____ Data to process

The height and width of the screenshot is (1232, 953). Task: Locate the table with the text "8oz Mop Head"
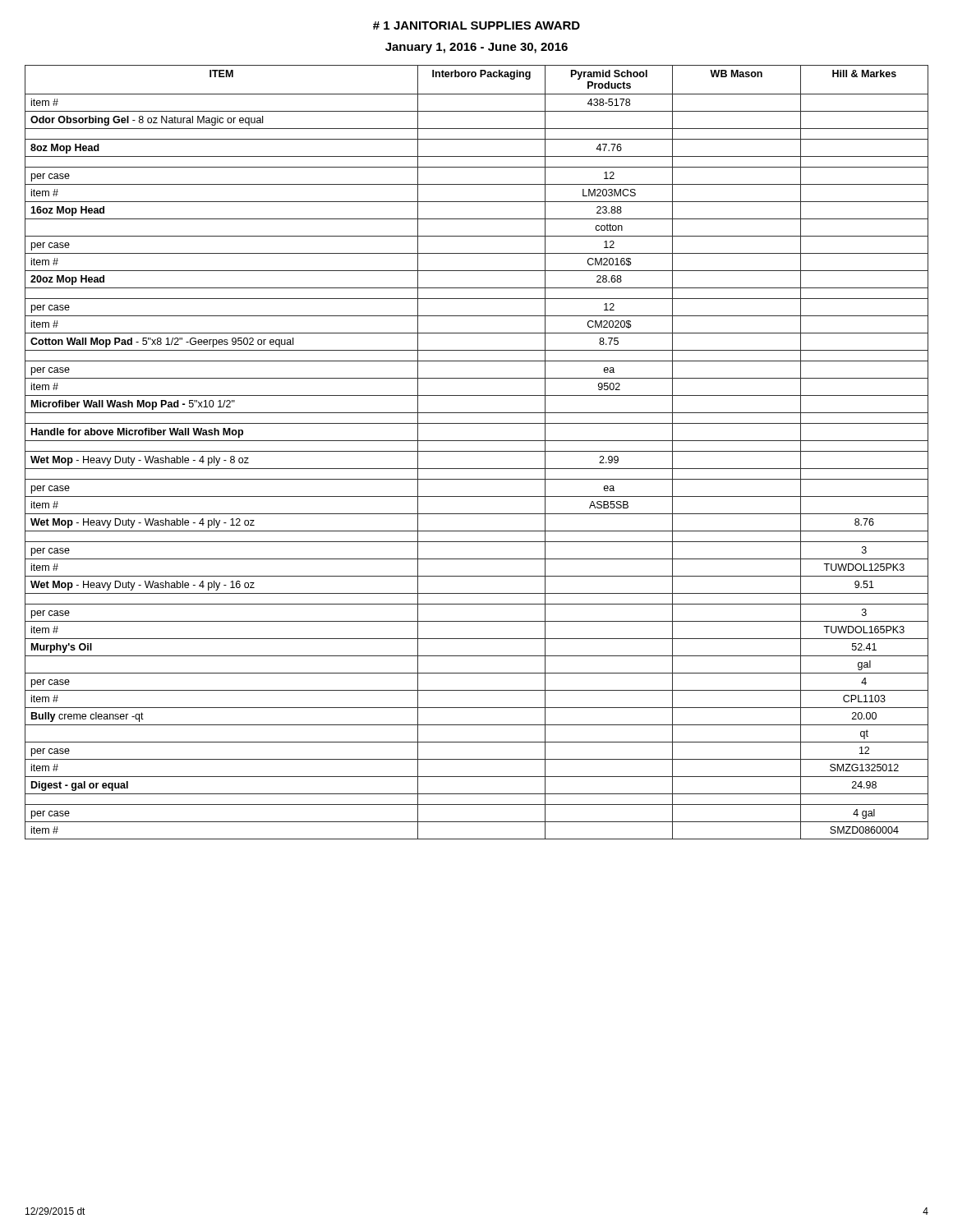tap(476, 452)
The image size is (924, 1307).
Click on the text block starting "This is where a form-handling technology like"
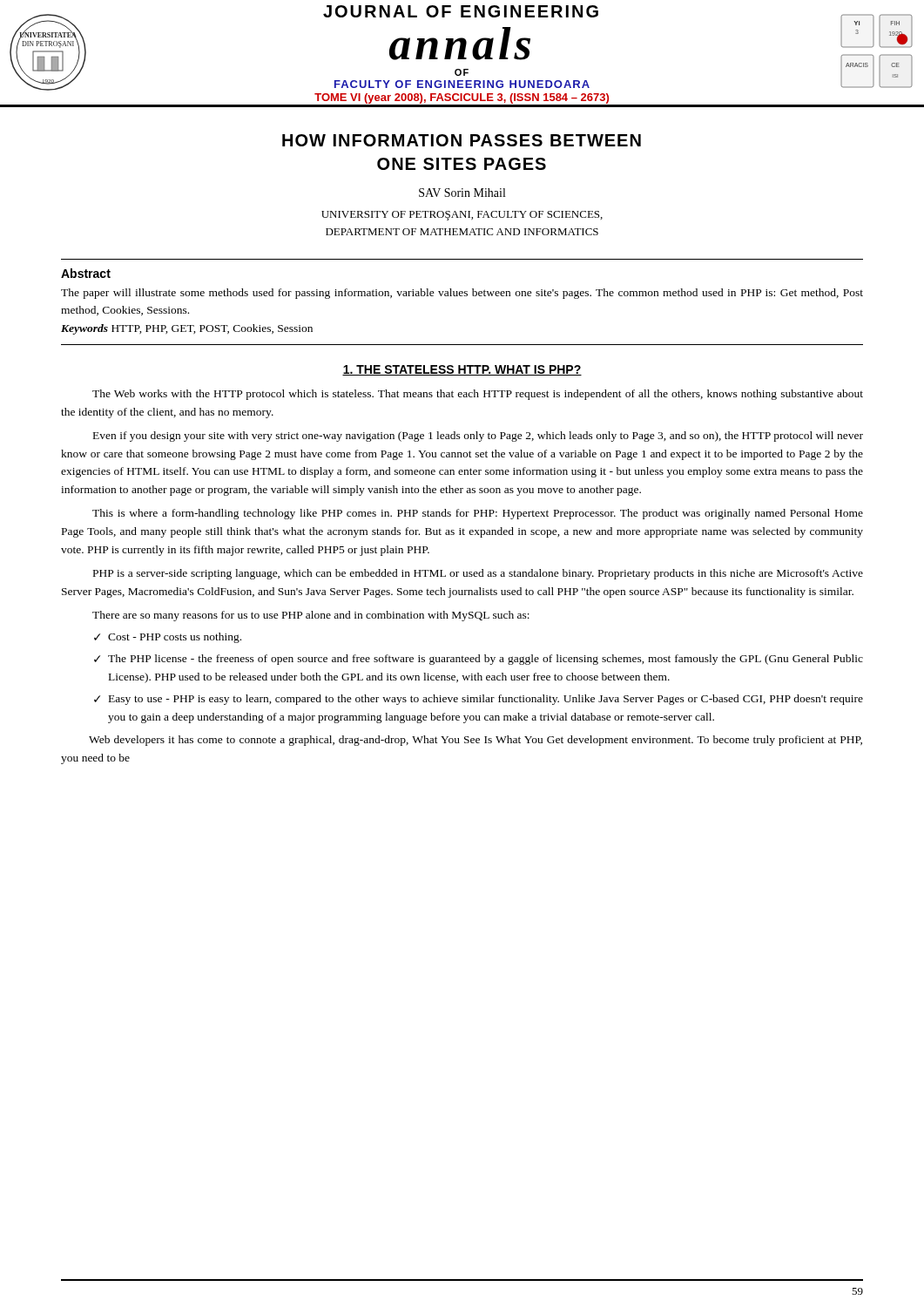click(x=462, y=531)
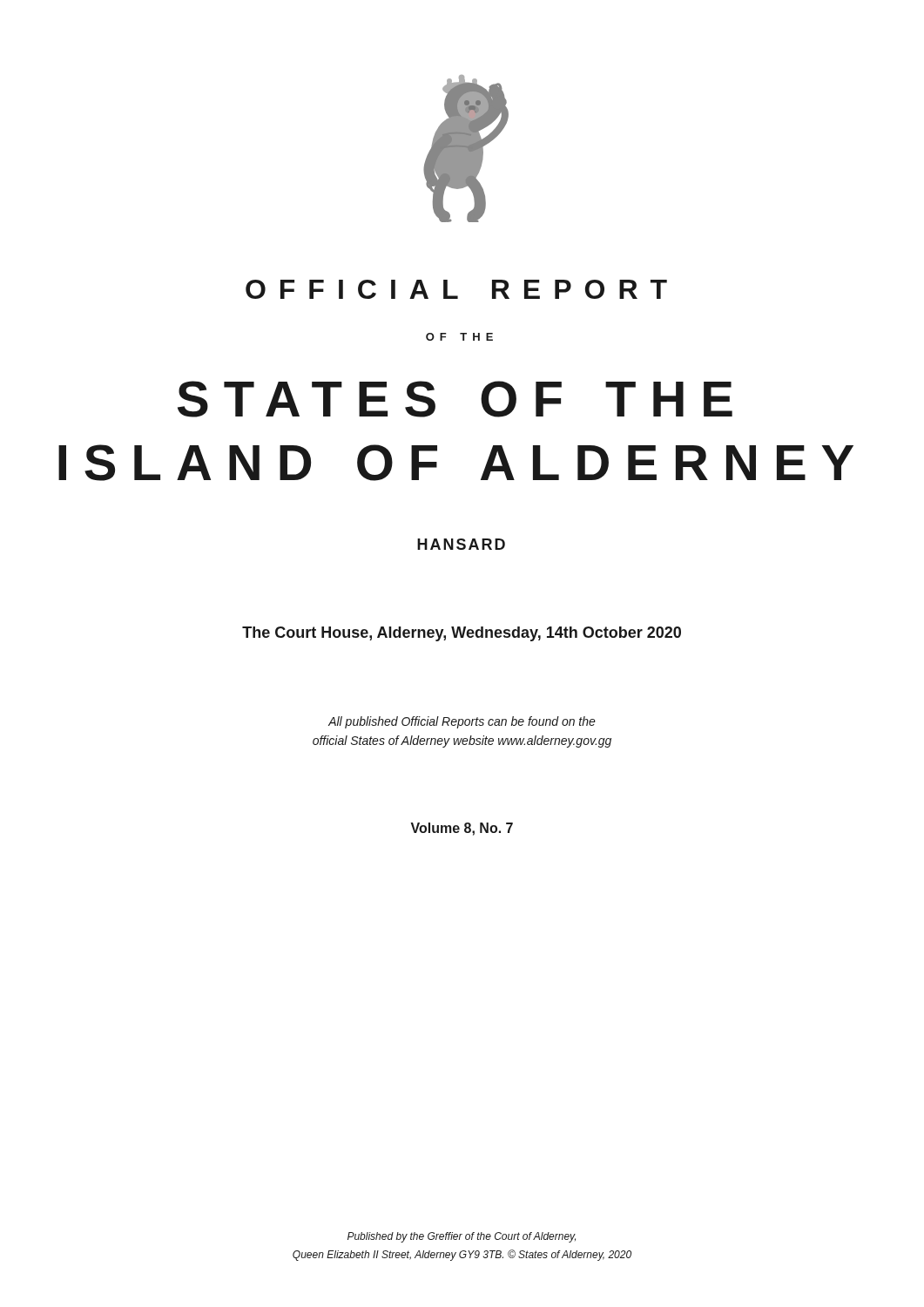
Task: Find "OF THE" on this page
Action: point(462,337)

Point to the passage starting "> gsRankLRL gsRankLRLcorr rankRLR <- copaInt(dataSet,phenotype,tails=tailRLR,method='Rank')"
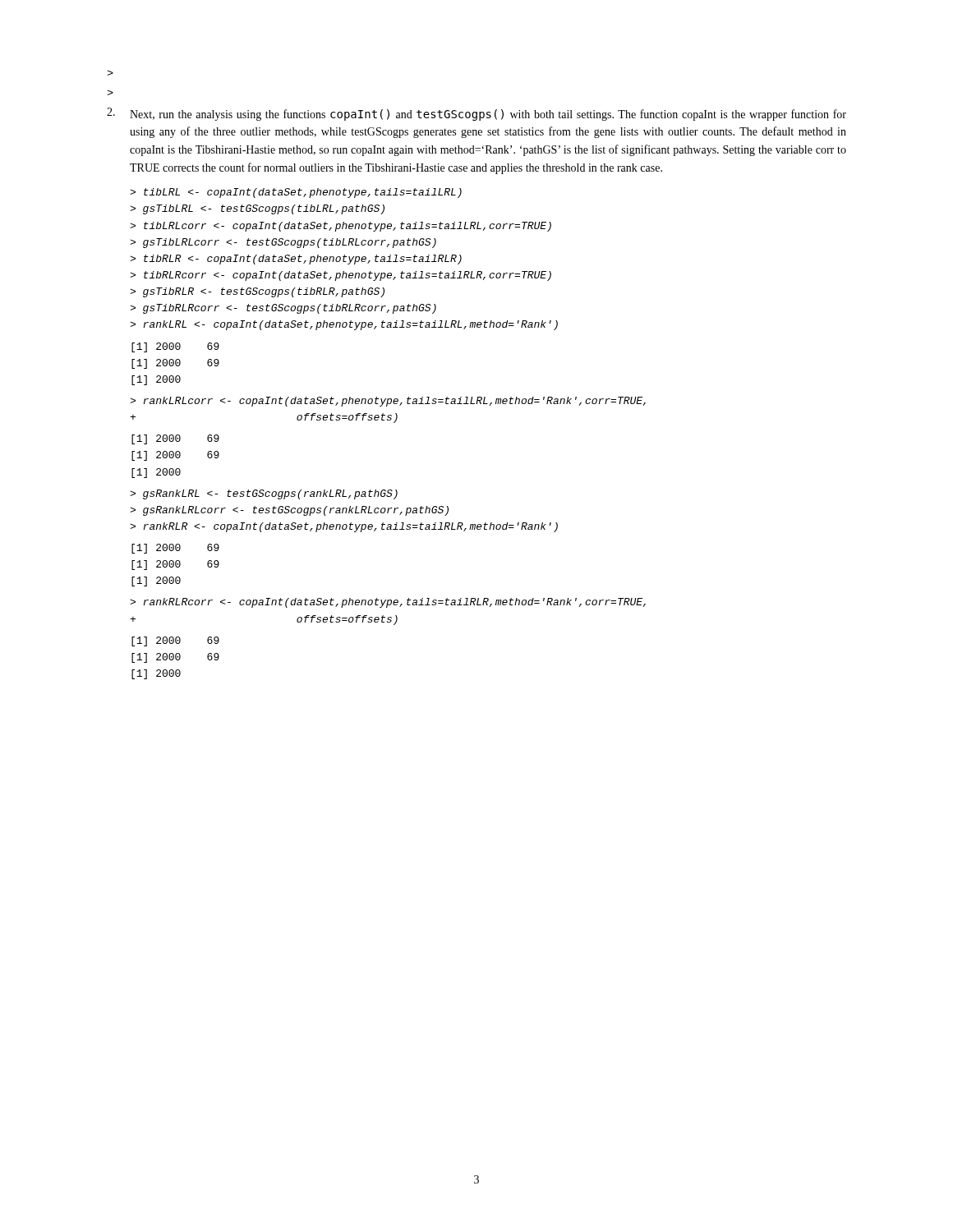[x=488, y=511]

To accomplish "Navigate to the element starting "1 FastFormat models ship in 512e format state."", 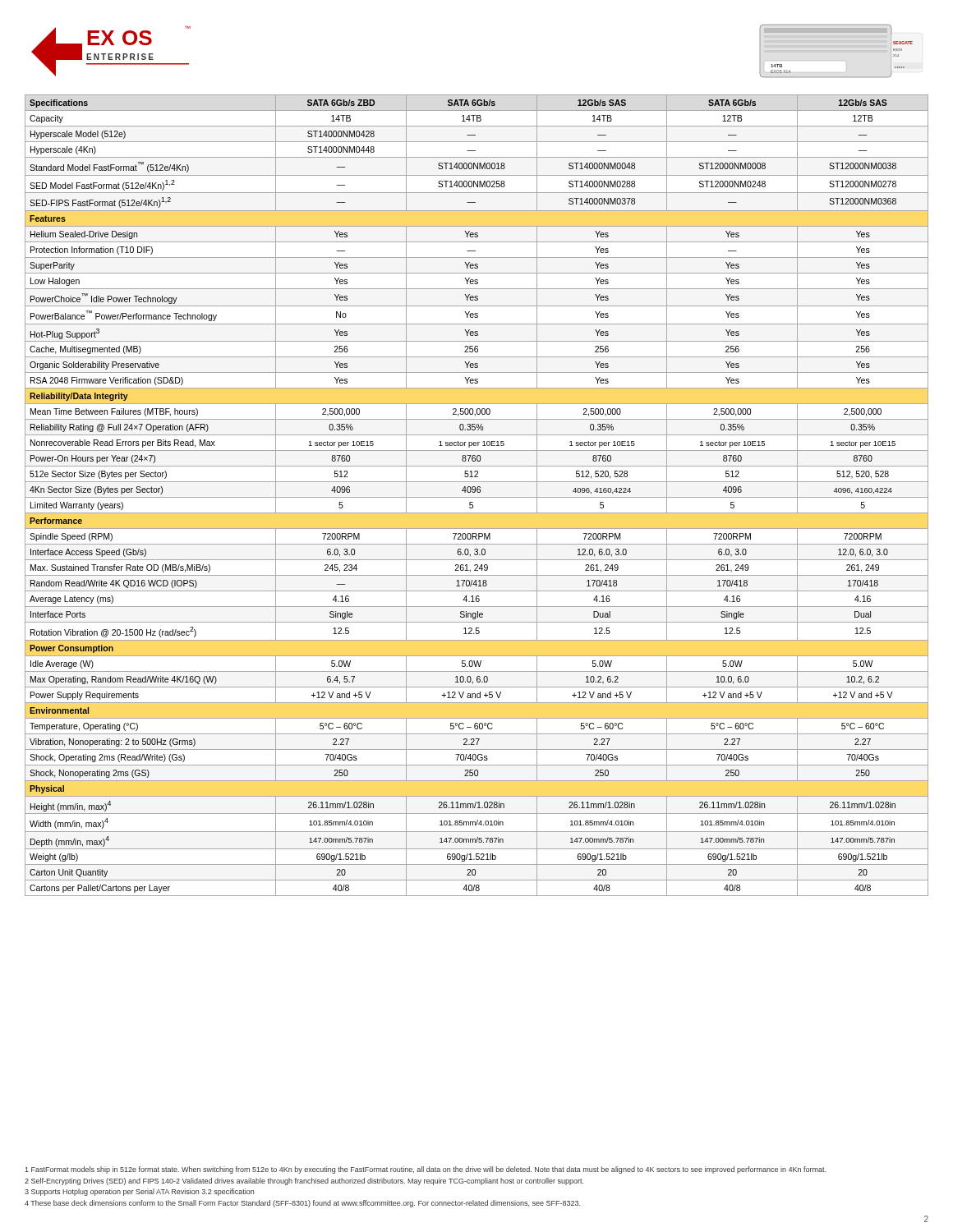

________

● **What to produce**: With all pictures omitted, repeat every record above word for word.

● **Written solution**:
The height and width of the screenshot is (1232, 953). Task: Locate the table with the text "8oz Mop Head"
tap(476, 452)
The image size is (924, 1307).
Click on the text block starting "This is where a form-handling technology like"
click(x=462, y=531)
Task: Find "OF THE" on this page
Action: point(462,337)

Point to the passage starting "> gsRankLRL gsRankLRLcorr rankRLR <- copaInt(dataSet,phenotype,tails=tailRLR,method='Rank')"
[x=488, y=511]

To accomplish "Navigate to the element starting "1 FastFormat models ship in 512e format state."", 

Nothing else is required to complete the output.